16 jun, 2019 - 14:02 • Inês Rocha , Rui Barros
Veja também:
Os gastos com médicos tarefeiros continuam a aumentar. Em algumas zonas do país, são estes médicos o garante de que os serviços hospitalares não fecham portas, por falta de recursos humanos. São médicos sem contrato de trabalho, pagos à hora. E, por isso, sem regras.
Para perceber em que consiste este negócio, quem lucra com ele e quais as consequências para o Serviço Nacional de Saúde (SNS), a Renascença analisou todos os dados presentes no portal BASE referentes à contratação destas prestações de serviço pelas instituições públicas, falou com profissionais e com representantes dos médicos. Uma investigação que resulta em vários artigos e cujas conclusões aqui resumimos.
1. Recorde de gastos. Médicos tarefeiros custam 104 milhões de euros em 2018
O recurso a médicos tarefeiros continua a aumentar, apesar dos apelos do Governo à redução da contratação temporária. Em 2018, o Estado gastou 104,5 milhões de euros nestas prestações - o valor mais alto de que há registo.
2. Um médico anestesista trabalhou uma média de 17 horas diárias, sem qualquer folga, durante 365 dias em 2018
O médico em questão ganhou 326 mil euros brutos por ter trabalhado 6.520 horas nesse ano. Administradora hospitalar diz que, por muito “chocante” que possa parecer, o valor corresponde efetivamente ao tempo que ele passa no hospital.
Um caso que mostra como os "tarefeiros", cuja prestação não é regulada pelo Código do Trabalho, têm menos regras e podem chegar a receber cinco vezes mais do que um especialista em topo da carreira.
3. "Não há crivo na seleção” de tarefeiros, o que leva por vezes a erros diagnósticos e a caos nas urgências, denuncia médica
Empresas de trabalho temporário exigem apenas um requisito: ser médico. A tarefeira, interna de Cirurgia, encontra todo o tipo de médicos nas urgências: desde aqueles que acabaram de sair da faculdade e estão a fazer o ano comum a quem está mais habituado a trabalhar em ambiente de centro de saúde.
A falta de experiência leva a “um grande leque de erros diagnósticos” e a um “aumento das listas de espera”. Sindicatos e Ordem são unânimes: aposta nos tarefeiros leva a uma diminuição na qualidade do Serviço Nacional de Saúde.
4. Hospitais contratam médicos não pediatras para consultas e urgências de pediatria, denuncia sindicato
No Alentejo, há unidades de saúde a contratar médicos não pediatras para consultas e urgências de pediatria.
A Renascença confirmou este dado, através dos contratos publicados no BASE, e sabe que há pelo menos mais um hospital - o Centro Hospitalar do Barreiro Montijo - a contratar médicos não especialistas para este tipo de urgência.

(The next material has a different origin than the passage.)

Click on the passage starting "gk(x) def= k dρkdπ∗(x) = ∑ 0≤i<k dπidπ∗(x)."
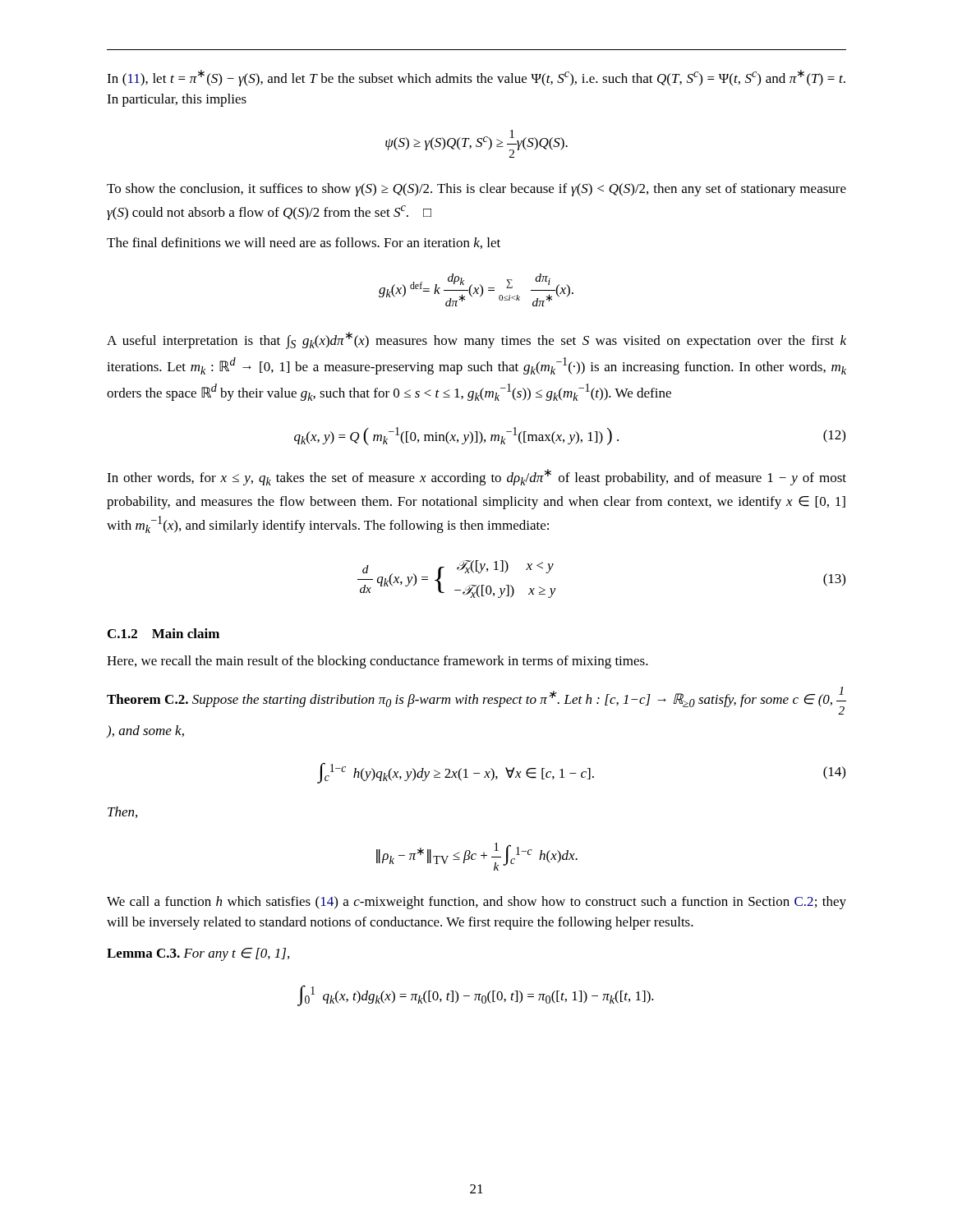(x=476, y=290)

5. Quem lucra com o negócio dos tarefeiros? Ninguém sabe
Entre 2016 e 2018, nove hospitais nacionais não publicaram no portal BASE qualquer contrato referente a prestações de serviços médicos. Uma prática que, para alguns, promove a “opacidade” na contratação pública, mas que está dentro da lei. Até hoje, os únicos dados divulgados pela ACSS sobre as empresas contratadas são do primeiro semestre de 2016.
6. As empresas que mais
faturaram
Apesar da falta de dados, que impede que se saiba exatamente quais as empresas a ganhar mais com este negócio, os dados recolhidos pela Renascença podem ajudar a desvendar um pouco sobre este mercado que fatura milhões com empresas do Estado.
Estes dados mostram que a Kelly Services, uma multinacional de contratação de trabalho temporário, foi a que mais faturou: foram 15,8 milhões em 138 contratos detetados.
Segue-se a S24, a Helped e a Randstad. Mas só no “top 15” das empresas que mais dinheiro ganharam, há três grupos empresariais que aparecem duas vezes – pelo que o valor total ganho por cada uma delas deverá ser superior.
7. Hospitais publicam informação incompleta e com muitos erros no portal BASE
Dos dados recolhidos e analisados pela Renascença, salta à vista uma enorme quantidade de contratos incompletos e até alguns com erros de publicação.
Do total de 4.987 contratos analisados, metade não tem qualquer data de fecho ou o preço total efetivo. Torna-se assim impossível saber, através deste portal de transparência da contratação pública, quanto é que efetivamente custou aos cofres do Estado esse contrato.